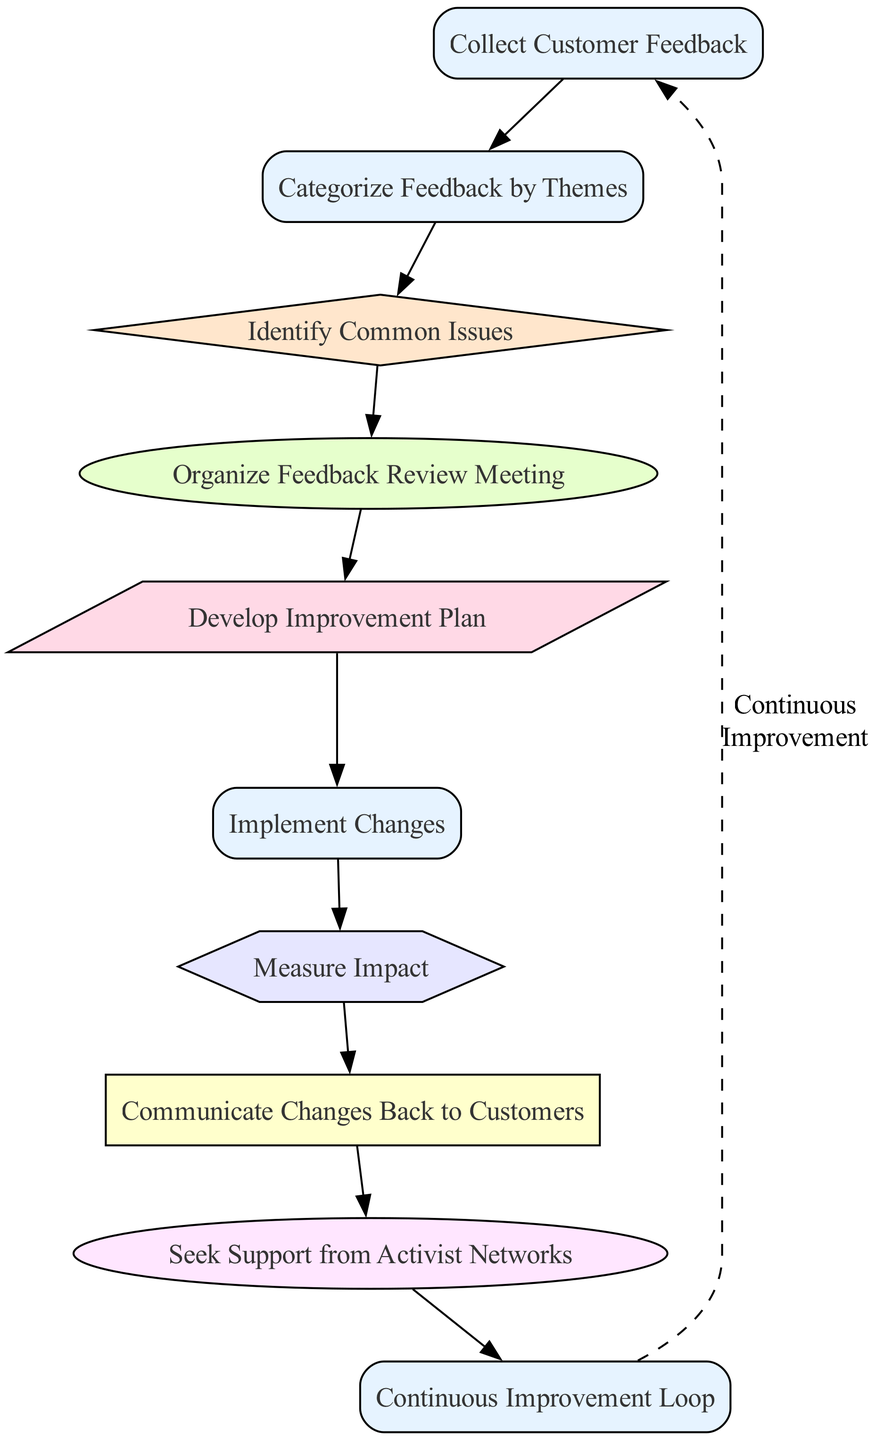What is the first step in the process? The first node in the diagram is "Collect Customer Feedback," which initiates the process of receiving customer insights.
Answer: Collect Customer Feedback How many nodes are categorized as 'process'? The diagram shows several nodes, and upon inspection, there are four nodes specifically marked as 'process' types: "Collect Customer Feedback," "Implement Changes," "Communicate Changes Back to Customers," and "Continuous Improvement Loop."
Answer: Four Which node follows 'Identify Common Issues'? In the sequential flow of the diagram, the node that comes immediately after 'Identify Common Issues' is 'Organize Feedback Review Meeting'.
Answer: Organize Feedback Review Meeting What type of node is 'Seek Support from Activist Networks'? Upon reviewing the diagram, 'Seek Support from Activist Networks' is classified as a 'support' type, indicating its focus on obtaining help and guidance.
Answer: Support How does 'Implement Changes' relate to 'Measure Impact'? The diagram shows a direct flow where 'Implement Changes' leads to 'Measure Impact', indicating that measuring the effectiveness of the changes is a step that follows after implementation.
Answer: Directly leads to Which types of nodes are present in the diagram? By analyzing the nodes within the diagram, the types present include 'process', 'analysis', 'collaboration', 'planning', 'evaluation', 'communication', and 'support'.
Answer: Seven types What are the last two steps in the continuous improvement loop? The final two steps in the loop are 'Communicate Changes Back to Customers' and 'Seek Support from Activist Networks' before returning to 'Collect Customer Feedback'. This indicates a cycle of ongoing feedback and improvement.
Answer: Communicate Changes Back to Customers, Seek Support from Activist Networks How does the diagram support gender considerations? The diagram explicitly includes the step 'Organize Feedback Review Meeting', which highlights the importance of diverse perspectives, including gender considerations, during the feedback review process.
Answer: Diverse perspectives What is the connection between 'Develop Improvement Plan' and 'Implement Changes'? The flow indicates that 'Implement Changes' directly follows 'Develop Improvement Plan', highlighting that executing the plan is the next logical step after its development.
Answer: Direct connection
++++++++++
Scan the entries above for the word "connection". Report the lines that hold it.

Answer: Diverse perspectives What is the connection between 'Develop Improvement Plan' and 'Implement Changes'? The flow indicates that 'Implement Changes' directly follows 'Develop Improvement Plan', highlighting that executing the plan is the next logical step after its development.
Answer: Direct connection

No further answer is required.